◆ Exercise aim ◆
Comb the records below for the string "degrees" and copy each line where it turns up.

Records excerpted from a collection
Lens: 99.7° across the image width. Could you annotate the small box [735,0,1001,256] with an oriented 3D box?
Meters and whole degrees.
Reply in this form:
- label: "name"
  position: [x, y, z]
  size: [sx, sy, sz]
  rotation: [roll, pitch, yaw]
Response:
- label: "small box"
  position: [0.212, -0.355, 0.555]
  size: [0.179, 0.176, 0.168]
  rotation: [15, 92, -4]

* * *

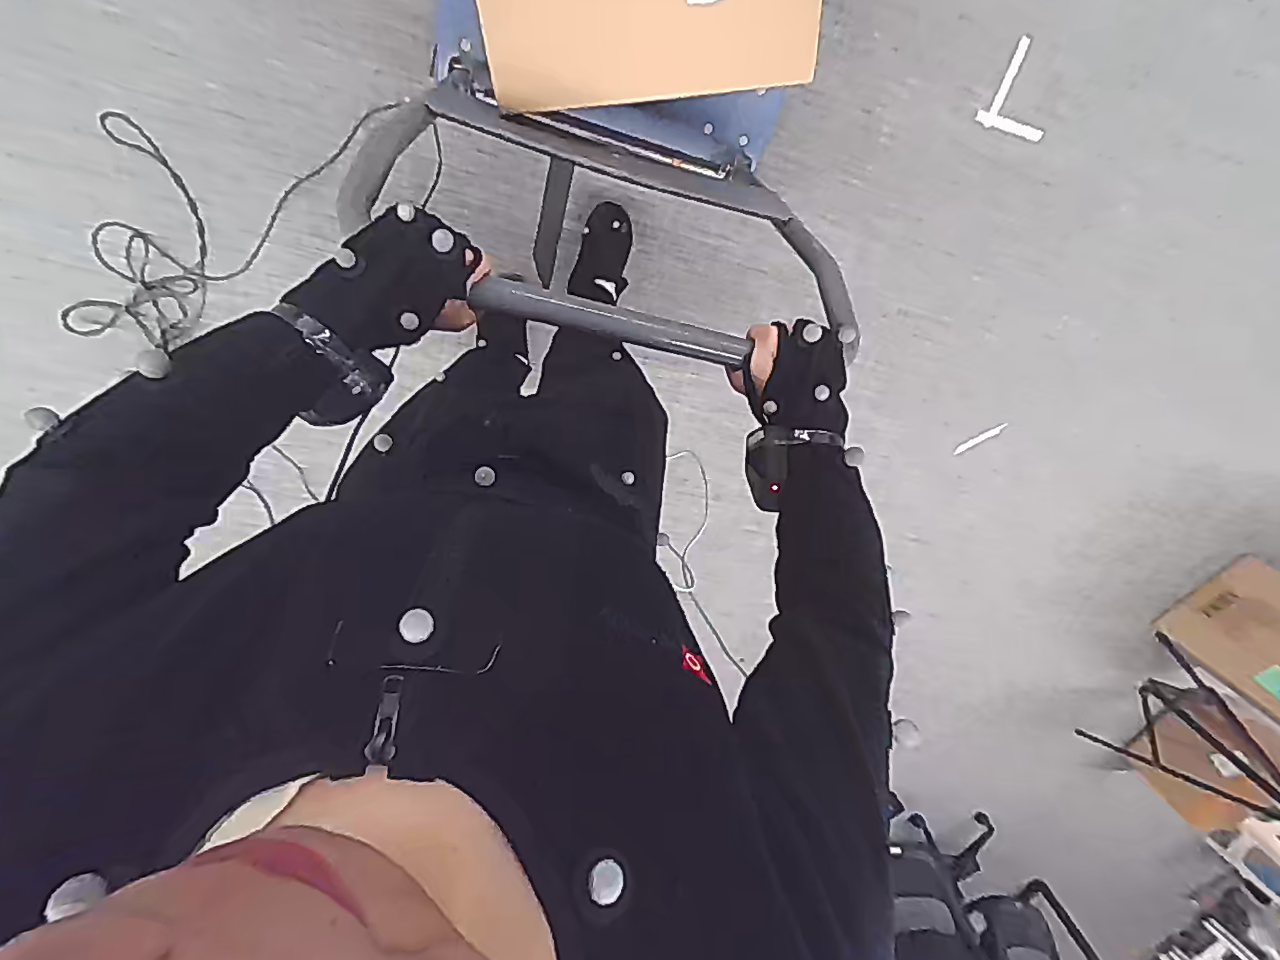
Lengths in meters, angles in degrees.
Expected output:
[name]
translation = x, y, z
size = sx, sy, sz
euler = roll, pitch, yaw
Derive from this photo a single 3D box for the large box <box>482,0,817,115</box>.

--

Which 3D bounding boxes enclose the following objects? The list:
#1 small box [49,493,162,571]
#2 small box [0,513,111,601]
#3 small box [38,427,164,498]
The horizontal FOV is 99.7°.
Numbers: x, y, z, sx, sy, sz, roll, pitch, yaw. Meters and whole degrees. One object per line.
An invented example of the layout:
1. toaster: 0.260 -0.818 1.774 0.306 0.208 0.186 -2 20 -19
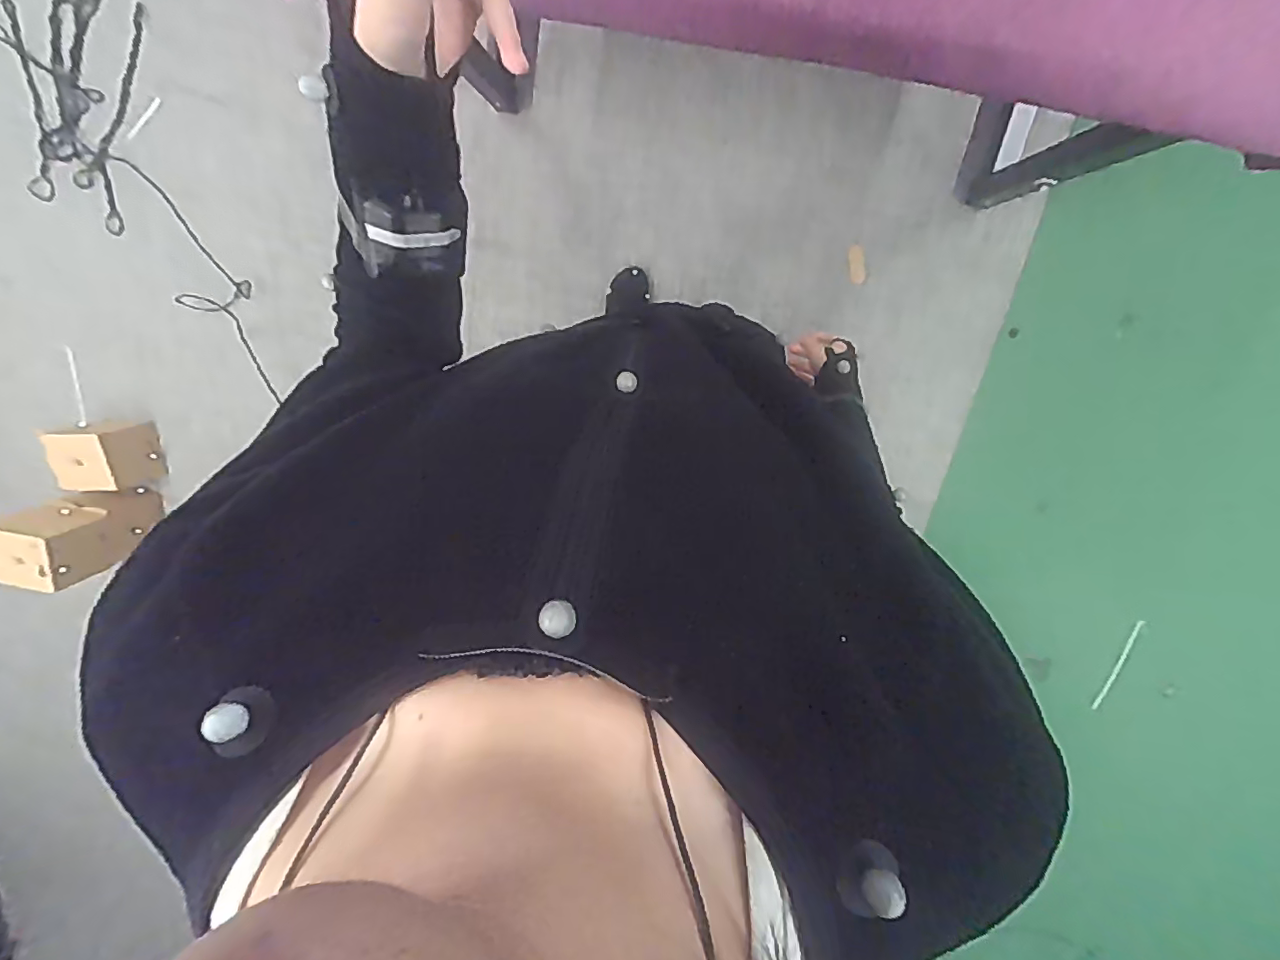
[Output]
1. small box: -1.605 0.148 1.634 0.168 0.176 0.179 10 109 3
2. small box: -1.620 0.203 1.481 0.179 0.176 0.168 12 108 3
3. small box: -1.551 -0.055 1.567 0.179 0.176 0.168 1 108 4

◆ Expected answer ◆
Meters and whole degrees.
Lengths in meters, angles in degrees.
Numbers: x, y, z, sx, sy, sz, roll, pitch, yaw. Meters and whole degrees. One object per line.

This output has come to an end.